Notes from a low-key governor-generalship

17 October 2012

Are the intriguing revelations from the notebooks of Paul Hasluck part of a larger trove, asks Paul Rodan

Right:

“Fair go”: from left, Gough Whitlam, Paul Hasluck, Lance Barnard and Doug McClelland at Government House, Canberra, after the swearing in of the second Whitlam government.
Photo: National Archives of Australia/ A6180, 20/12/72/39

“Fair go”: from left, Gough Whitlam, Paul Hasluck, Lance Barnard and Doug McClelland at Government House, Canberra, after the swearing in of the second Whitlam government.
Photo: National Archives of Australia/ A6180, 20/12/72/39



THE second volume of Jenny Hocking’s biography of Gough Whitlam has attracted considerable attention for its exposure of the role of High Court justice Anthony Mason in advising John Kerr as he contemplated dismissing the Whitlam government. But there has been a surprising lack of comment about two other revelations in the biography, both based on the records of a much less controversial governor-general, Paul Hasluck.

Hasluck was governor-general from 1969 to 1974, having moved straight to Yarralumla after a parliamentary career that included the senior portfolios of defence and external affairs. In politics, Hasluck’s had been a conservative and old-world persona; it was widely contended that his failure to embrace full-blooded politicking and self-promotion had cost him the Liberal Party leadership (and hence the prime ministership) when John Gorton prevailed in 1968.

Sandwiched between that vice-regal busybody (and prolific diarist) Richard Casey and the ultimate interventionist Kerr, Hasluck has been seen by many as a non-event as governor-general. His public utterances were usually uncontroversial and his only views on the vice-regal office were offered in his Queale Lecture in Adelaide in 1972. There, in a barely disguised critique of Casey, Hasluck observed that a governor-general would “stray beyond his functions if he took sides in any argument between his advisers or preferred one minister to another, or tried to interfere in the domestic arguments of any political party.” This was precisely what Casey had done in relation to the McEwen–McMahon feud in the Coalition government and through his excessive involvement in party affairs after the disappearance of prime minister Harold Holt. The rest of Hasluck’s address revealed a viceroy endorsing the job description famously summarised by Walter Bagehot in the nineteenth century: “the right to be consulted, the right to encourage, the right to warn.”
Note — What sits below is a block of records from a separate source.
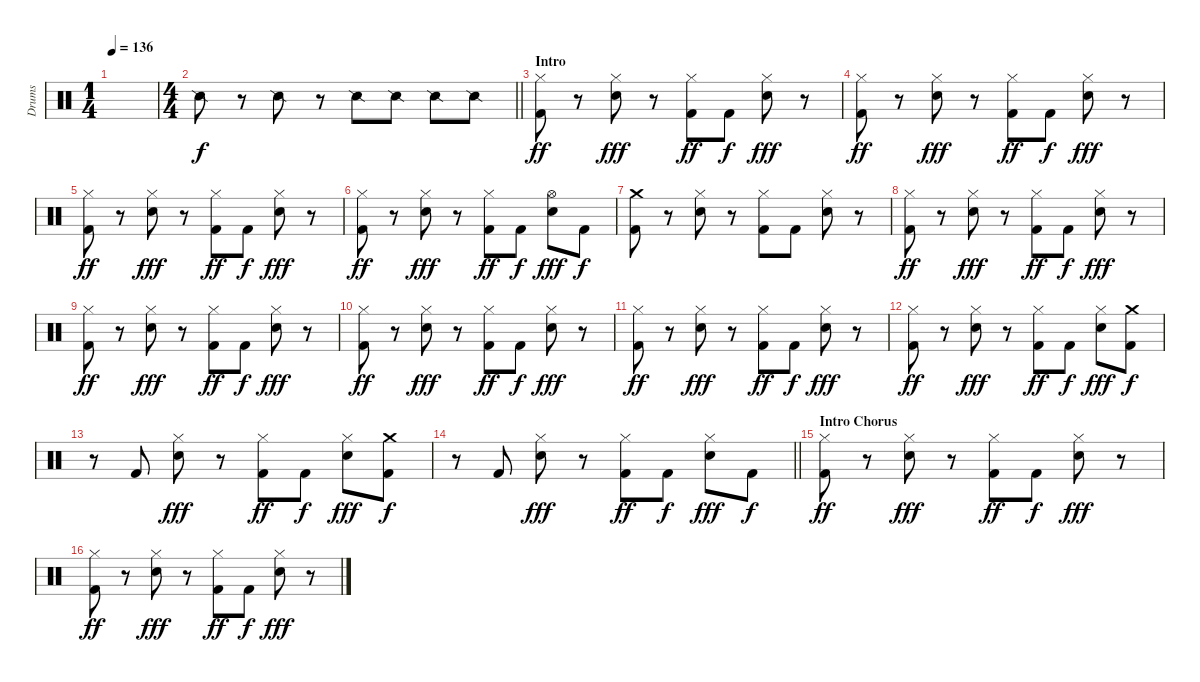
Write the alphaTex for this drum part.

\track ("Drums" "Drums") {instrument percussion}
\staff {score}
\articulation defaults
\ts (1 4)
\tempo 136
\clef neutral
\ks c
|
\ts (4 4)
\barLineRight lightlight "Snare (side stick) 2".8
r.8 "Snare (side stick) 2".8 r.8 "Snare (side stick) 2".8 "Snare (side stick) 2".8 "Snare (side stick) 2".8 "Snare (side stick) 2".8 |
\section ("" "Intro")
("Hi-Hat (closed)" "Kick (hit) 2").8{dy ff} r.8 ("Hi-Hat (closed)" "Snare (hit) 2").8{dy fff} r.8 ("Hi-Hat (closed)" "Kick (hit) 2").8{dy ff} "Kick (hit) 2".8{dy f} ("Hi-Hat (closed)" "Snare (hit) 2").8{dy fff} r.8 |
("Hi-Hat (closed)" "Kick (hit) 2").8{dy ff} r.8 ("Hi-Hat (closed)" "Snare (hit) 2").8{dy fff} r.8 ("Hi-Hat (closed)" "Kick (hit) 2").8{dy ff} "Kick (hit) 2".8{dy f} ("Hi-Hat (closed)" "Snare (hit) 2").8{dy fff} r.8 |
("Hi-Hat (closed)" "Kick (hit) 2").8{dy ff} r.8 ("Hi-Hat (closed)" "Snare (hit) 2").8{dy fff} r.8 ("Hi-Hat (closed)" "Kick (hit) 2").8{dy ff} "Kick (hit) 2".8{dy f} ("Hi-Hat (closed)" "Snare (hit) 2").8{dy fff} r.8 |
("Hi-Hat (closed)" "Kick (hit) 2").8{dy ff} r.8 ("Hi-Hat (closed)" "Snare (hit) 2").8{dy fff} r.8 ("Hi-Hat (closed)" "Kick (hit) 2").8{dy ff} "Kick (hit) 2".8{dy f} ("Hi-Hat (open)" "Snare (hit) 2").8{dy fff} "Kick (hit) 2".8{dy f} |
("Crash medium (hit)" "Kick (hit) 2").8 r.8 ("Hi-Hat (closed)" "Snare (hit) 2").8 r.8 ("Hi-Hat (closed)" "Kick (hit) 2").8 "Kick (hit) 2".8 ("Hi-Hat (closed)" "Snare (hit) 2").8 r.8 |
("Hi-Hat (closed)" "Kick (hit) 2").8{dy ff} r.8 ("Hi-Hat (closed)" "Snare (hit) 2").8{dy fff} r.8 ("Hi-Hat (closed)" "Kick (hit) 2").8{dy ff} "Kick (hit) 2".8{dy f} ("Hi-Hat (closed)" "Snare (hit) 2").8{dy fff} r.8 |
("Hi-Hat (closed)" "Kick (hit) 2").8{dy ff} r.8 ("Hi-Hat (closed)" "Snare (hit) 2").8{dy fff} r.8 ("Hi-Hat (closed)" "Kick (hit) 2").8{dy ff} "Kick (hit) 2".8{dy f} ("Hi-Hat (closed)" "Snare (hit) 2").8{dy fff} r.8 |
("Hi-Hat (closed)" "Kick (hit) 2").8{dy ff} r.8 ("Hi-Hat (closed)" "Snare (hit) 2").8{dy fff} r.8 ("Hi-Hat (closed)" "Kick (hit) 2").8{dy ff} "Kick (hit) 2".8{dy f} ("Hi-Hat (closed)" "Snare (hit) 2").8{dy fff} r.8 |
("Hi-Hat (closed)" "Kick (hit) 2").8{dy ff} r.8 ("Hi-Hat (closed)" "Snare (hit) 2").8{dy fff} r.8 ("Hi-Hat (closed)" "Kick (hit) 2").8{dy ff} "Kick (hit) 2".8{dy f} ("Hi-Hat (closed)" "Snare (hit) 2").8{dy fff} r.8 |
("Hi-Hat (closed)" "Kick (hit) 2").8{dy ff} r.8 ("Hi-Hat (closed)" "Snare (hit) 2").8{dy fff} r.8 ("Hi-Hat (closed)" "Kick (hit) 2").8{dy ff} "Kick (hit) 2".8{dy f} ("Hi-Hat (closed)" "Snare (hit) 2").8{dy fff} ("Crash medium (hit)" "Kick (hit) 2").8{dy f} |
r.8 "Kick (hit) 2".8 ("Hi-Hat (closed)" "Snare (hit) 2").8{dy fff} r.8 ("Hi-Hat (closed)" "Kick (hit) 2").8{dy ff} "Kick (hit) 2".8{dy f} ("Hi-Hat (closed)" "Snare (hit) 2").8{dy fff} ("Crash medium (hit)" "Kick (hit) 2").8{dy f} |
\barLineRight lightlight
r.8 "Kick (hit) 2".8 ("Hi-Hat (closed)" "Snare (hit) 2").8{dy fff} r.8 ("Hi-Hat (closed)" "Kick (hit) 2").8{dy ff} "Kick (hit) 2".8{dy f} ("Hi-Hat (closed)" "Snare (hit) 2").8{dy fff} "Kick (hit) 2".8{dy f} |
\section ("" "Intro Chorus")
("Hi-Hat (closed)" "Kick (hit) 2").8{dy ff} r.8 ("Hi-Hat (closed)" "Snare (hit) 2").8{dy fff} r.8 ("Hi-Hat (closed)" "Kick (hit) 2").8{dy ff} "Kick (hit) 2".8{dy f} ("Hi-Hat (closed)" "Snare (hit) 2").8{dy fff} r.8 |
("Hi-Hat (closed)" "Kick (hit) 2").8{dy ff} r.8 ("Hi-Hat (closed)" "Snare (hit) 2").8{dy fff} r.8 ("Hi-Hat (closed)" "Kick (hit) 2").8{dy ff} "Kick (hit) 2".8{dy f} ("Hi-Hat (closed)" "Snare (hit) 2").8{dy fff} r.8

When his Queale lecture was republished in 1979, Hasluck added the revelation that during his time as governor-general he had kept handwritten notes “after any conversation on questions of substance.” Under the thirty-year rule Hasluck’s biographer, Robert Porter, lacked access to these notes. But in her quest for material about Whitlam over a decade later, Hocking read the notes, and her findings are very interesting indeed.
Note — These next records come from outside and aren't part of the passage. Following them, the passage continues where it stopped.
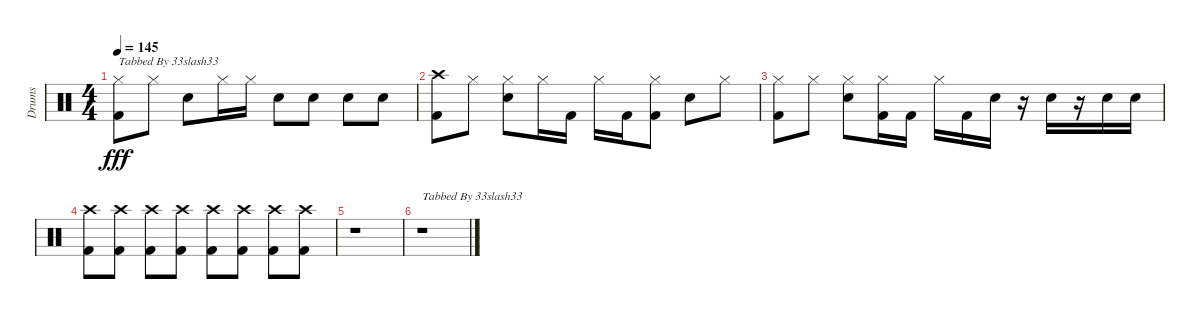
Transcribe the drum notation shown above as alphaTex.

\track ("Drums" "Drums") {instrument percussion}
\staff {score}
\articulation defaults
\ts (4 4)
\tempo 145
\clef neutral
\ks c
("Hi-Hat (closed)" "Kick (hit) 2").8{txt "Tabbed By 33slash33" dy fff} "Hi-Hat (closed)".8 "Snare (hit) 2".8 "Hi-Hat (closed)".16 "Hi-Hat (closed)".16 "Snare (hit) 2".8 "Snare (hit) 2".8 "Snare (hit) 2".8 "Snare (hit) 2".8 |
("Crash high (hit)" "Kick (hit) 2").8 "Hi-Hat (closed)".8 ("Hi-Hat (closed)" "Snare (hit) 2").8 "Hi-Hat (closed)".16 "Kick (hit) 2".16 "Hi-Hat (closed)".16 "Kick (hit) 2".16 ("Hi-Hat (closed)" "Kick (hit) 2").8 "Snare (hit) 2".8 "Hi-Hat (closed)".8 |
("Hi-Hat (closed)" "Kick (hit) 2").8 "Hi-Hat (closed)".8 ("Hi-Hat (closed)" "Snare (hit) 2").8 ("Hi-Hat (closed)" "Kick (hit) 2").16 "Kick (hit) 2".16 "Hi-Hat (closed)".16 "Kick (hit) 2".16 "Snare (hit) 2".16 r.16 "Snare (hit) 2".16 r.16 "Snare (hit) 2".16 "Snare (hit) 2".16 |
("Crash high (hit)" "Kick (hit) 2").8 ("Crash high (hit)" "Kick (hit) 2").8 ("Crash high (hit)" "Kick (hit) 2").8 ("Crash high (hit)" "Kick (hit) 2").8 ("Crash high (hit)" "Kick (hit) 2").8 ("Crash high (hit)" "Kick (hit) 2").8 ("Crash high (hit)" "Kick (hit) 2").8 ("Crash high (hit)" "Kick (hit) 2").8 |
r.1 |
r.1{txt "Tabbed By 33slash33"}

The first revelation concerns an informal conversation between Hasluck and the governor of Western Australia at the time, Douglas Kendrew, who confided his involvement in detailed planning to rid Australia of the Whitlam government with the help of the non-Labor states. Given that Western Australia had a Labor government at the time (August 1973), this alleged plot would seem to have been as logistically challenging as it was outrageous. But according to Hocking, Kendrew planned to deal with the awkward problem of the complexion of the WA government by contriving to have supply rejected in the upper house, whereupon the premier, John Tonkin, would seek a “double dissolution.” Kendrew would decline the advice and use the “royal warrant” to install opposition leader Charles Court as premier.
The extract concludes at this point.